=== EXERCISE REQUIREMENTS ===
Tally the lines in the records below that contain "pitch" and return only the result.

=== DATASET ENTRIES ===
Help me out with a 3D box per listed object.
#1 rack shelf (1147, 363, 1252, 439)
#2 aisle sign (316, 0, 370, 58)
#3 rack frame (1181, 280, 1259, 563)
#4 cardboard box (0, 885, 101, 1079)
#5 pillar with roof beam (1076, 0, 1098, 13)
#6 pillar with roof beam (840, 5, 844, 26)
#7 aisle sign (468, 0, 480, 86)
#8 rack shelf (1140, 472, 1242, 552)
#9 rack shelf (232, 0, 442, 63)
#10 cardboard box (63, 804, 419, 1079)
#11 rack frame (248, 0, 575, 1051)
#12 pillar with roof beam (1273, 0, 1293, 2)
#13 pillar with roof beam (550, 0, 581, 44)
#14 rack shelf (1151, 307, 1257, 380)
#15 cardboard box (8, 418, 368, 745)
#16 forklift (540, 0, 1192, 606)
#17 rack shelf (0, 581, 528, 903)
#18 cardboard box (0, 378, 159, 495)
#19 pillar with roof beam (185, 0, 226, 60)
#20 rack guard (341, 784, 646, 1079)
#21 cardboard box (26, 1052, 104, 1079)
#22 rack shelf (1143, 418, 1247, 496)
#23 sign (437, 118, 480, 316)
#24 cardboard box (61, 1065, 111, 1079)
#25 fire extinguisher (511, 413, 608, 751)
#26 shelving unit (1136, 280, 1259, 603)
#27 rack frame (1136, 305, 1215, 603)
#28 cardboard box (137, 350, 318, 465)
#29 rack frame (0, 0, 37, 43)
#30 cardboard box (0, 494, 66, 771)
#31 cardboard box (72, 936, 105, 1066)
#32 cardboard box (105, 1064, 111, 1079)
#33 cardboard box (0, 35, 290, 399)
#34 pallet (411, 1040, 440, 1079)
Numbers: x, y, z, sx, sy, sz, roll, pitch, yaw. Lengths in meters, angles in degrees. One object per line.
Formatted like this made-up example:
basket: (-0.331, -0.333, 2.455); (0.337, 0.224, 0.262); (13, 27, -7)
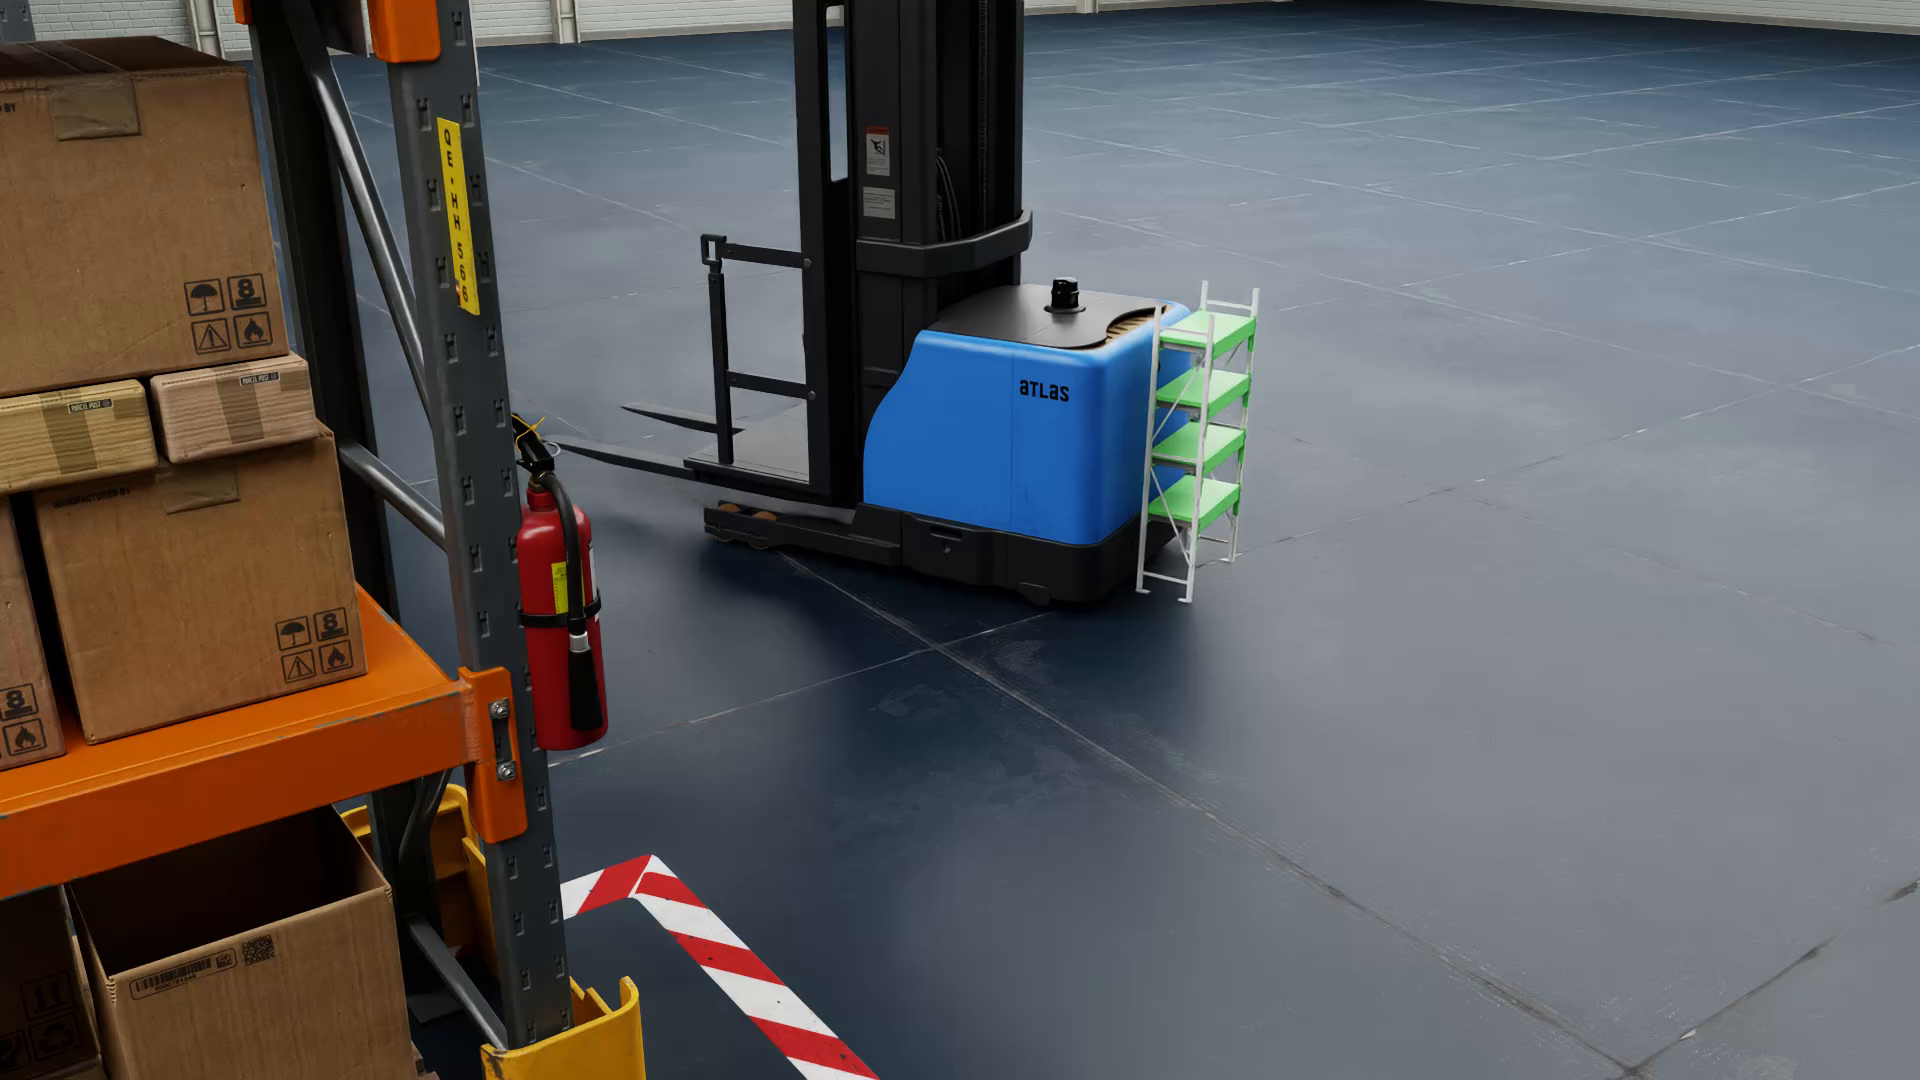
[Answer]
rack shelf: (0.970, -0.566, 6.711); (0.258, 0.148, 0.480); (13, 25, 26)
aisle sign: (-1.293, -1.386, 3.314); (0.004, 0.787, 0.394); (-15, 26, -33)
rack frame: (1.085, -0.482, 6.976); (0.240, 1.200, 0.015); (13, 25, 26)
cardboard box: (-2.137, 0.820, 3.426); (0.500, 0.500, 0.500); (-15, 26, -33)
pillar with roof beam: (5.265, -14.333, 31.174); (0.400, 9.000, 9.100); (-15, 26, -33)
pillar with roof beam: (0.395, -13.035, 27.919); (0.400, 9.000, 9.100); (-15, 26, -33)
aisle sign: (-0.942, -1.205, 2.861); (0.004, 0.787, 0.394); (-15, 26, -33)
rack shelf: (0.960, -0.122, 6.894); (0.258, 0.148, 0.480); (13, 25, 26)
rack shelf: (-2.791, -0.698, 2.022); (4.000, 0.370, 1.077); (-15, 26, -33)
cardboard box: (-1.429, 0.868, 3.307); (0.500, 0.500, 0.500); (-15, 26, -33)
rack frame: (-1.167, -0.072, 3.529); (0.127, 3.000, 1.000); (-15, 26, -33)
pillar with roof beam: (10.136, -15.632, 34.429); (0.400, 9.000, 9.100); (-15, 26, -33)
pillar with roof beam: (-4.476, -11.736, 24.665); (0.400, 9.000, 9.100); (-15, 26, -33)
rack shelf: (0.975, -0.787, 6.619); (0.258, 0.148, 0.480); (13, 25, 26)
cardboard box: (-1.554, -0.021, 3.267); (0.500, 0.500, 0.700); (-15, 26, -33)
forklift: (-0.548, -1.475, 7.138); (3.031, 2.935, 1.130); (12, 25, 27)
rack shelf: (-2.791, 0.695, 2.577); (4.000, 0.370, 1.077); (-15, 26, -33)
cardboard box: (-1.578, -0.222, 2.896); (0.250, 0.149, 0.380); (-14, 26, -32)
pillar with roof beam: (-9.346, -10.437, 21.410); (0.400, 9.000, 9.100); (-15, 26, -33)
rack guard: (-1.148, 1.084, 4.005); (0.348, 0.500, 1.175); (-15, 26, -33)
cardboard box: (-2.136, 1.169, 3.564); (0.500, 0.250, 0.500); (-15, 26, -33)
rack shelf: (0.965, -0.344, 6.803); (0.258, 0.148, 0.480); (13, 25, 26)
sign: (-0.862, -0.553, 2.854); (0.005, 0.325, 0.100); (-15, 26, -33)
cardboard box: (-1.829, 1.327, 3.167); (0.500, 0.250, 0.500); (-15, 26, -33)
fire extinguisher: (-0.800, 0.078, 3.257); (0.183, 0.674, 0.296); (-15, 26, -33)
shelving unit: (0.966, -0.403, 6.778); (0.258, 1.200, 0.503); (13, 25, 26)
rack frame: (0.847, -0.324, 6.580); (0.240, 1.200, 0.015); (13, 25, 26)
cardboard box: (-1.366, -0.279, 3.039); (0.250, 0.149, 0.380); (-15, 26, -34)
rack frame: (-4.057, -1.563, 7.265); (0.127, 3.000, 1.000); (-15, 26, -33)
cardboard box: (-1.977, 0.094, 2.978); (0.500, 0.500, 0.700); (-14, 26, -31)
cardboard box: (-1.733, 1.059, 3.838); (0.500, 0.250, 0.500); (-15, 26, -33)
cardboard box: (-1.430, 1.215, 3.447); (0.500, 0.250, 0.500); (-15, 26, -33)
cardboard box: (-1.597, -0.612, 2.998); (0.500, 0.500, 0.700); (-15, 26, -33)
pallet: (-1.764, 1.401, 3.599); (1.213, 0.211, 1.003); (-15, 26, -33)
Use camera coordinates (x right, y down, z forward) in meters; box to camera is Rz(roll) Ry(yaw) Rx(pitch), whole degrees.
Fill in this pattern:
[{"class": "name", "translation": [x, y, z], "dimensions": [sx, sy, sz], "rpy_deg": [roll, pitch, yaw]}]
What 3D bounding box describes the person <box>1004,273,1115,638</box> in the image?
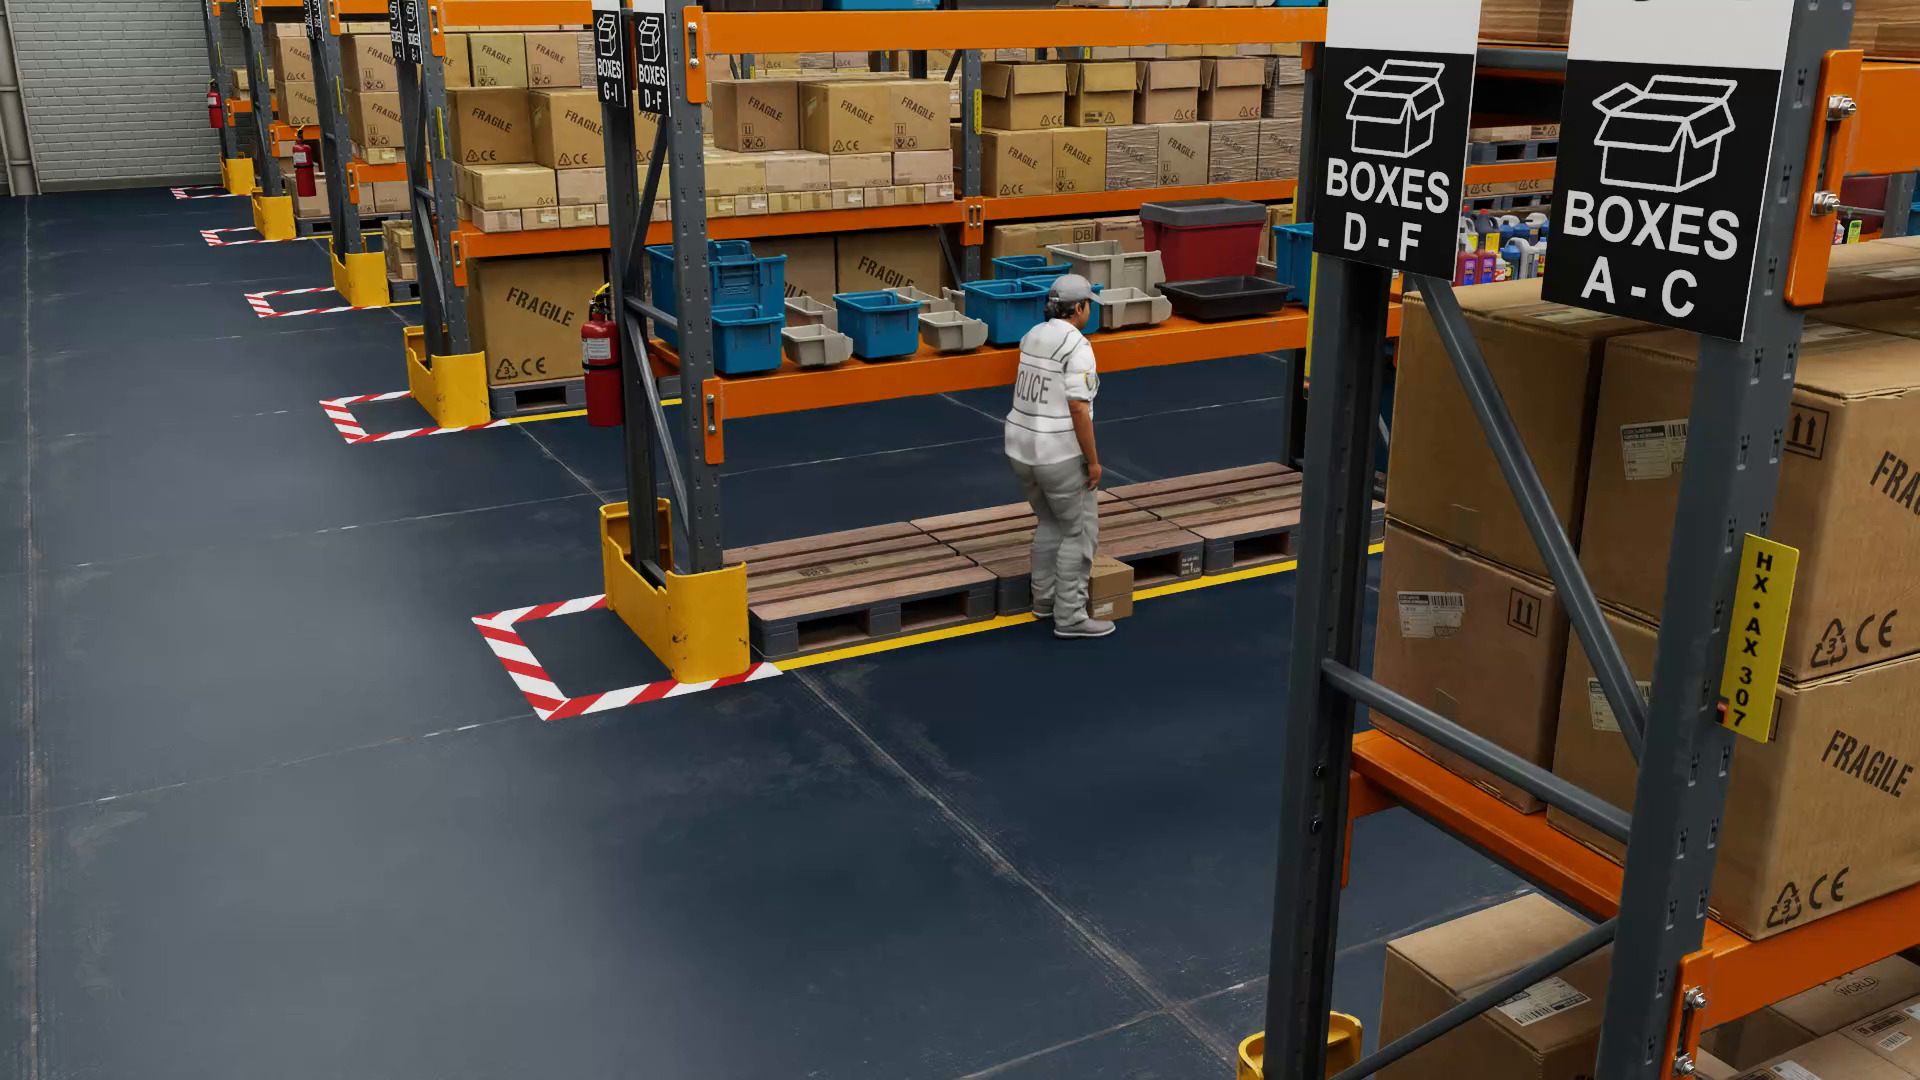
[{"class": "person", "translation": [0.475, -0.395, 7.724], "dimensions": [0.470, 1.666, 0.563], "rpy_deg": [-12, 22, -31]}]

=== ANSWER FOR THE TASK ===
3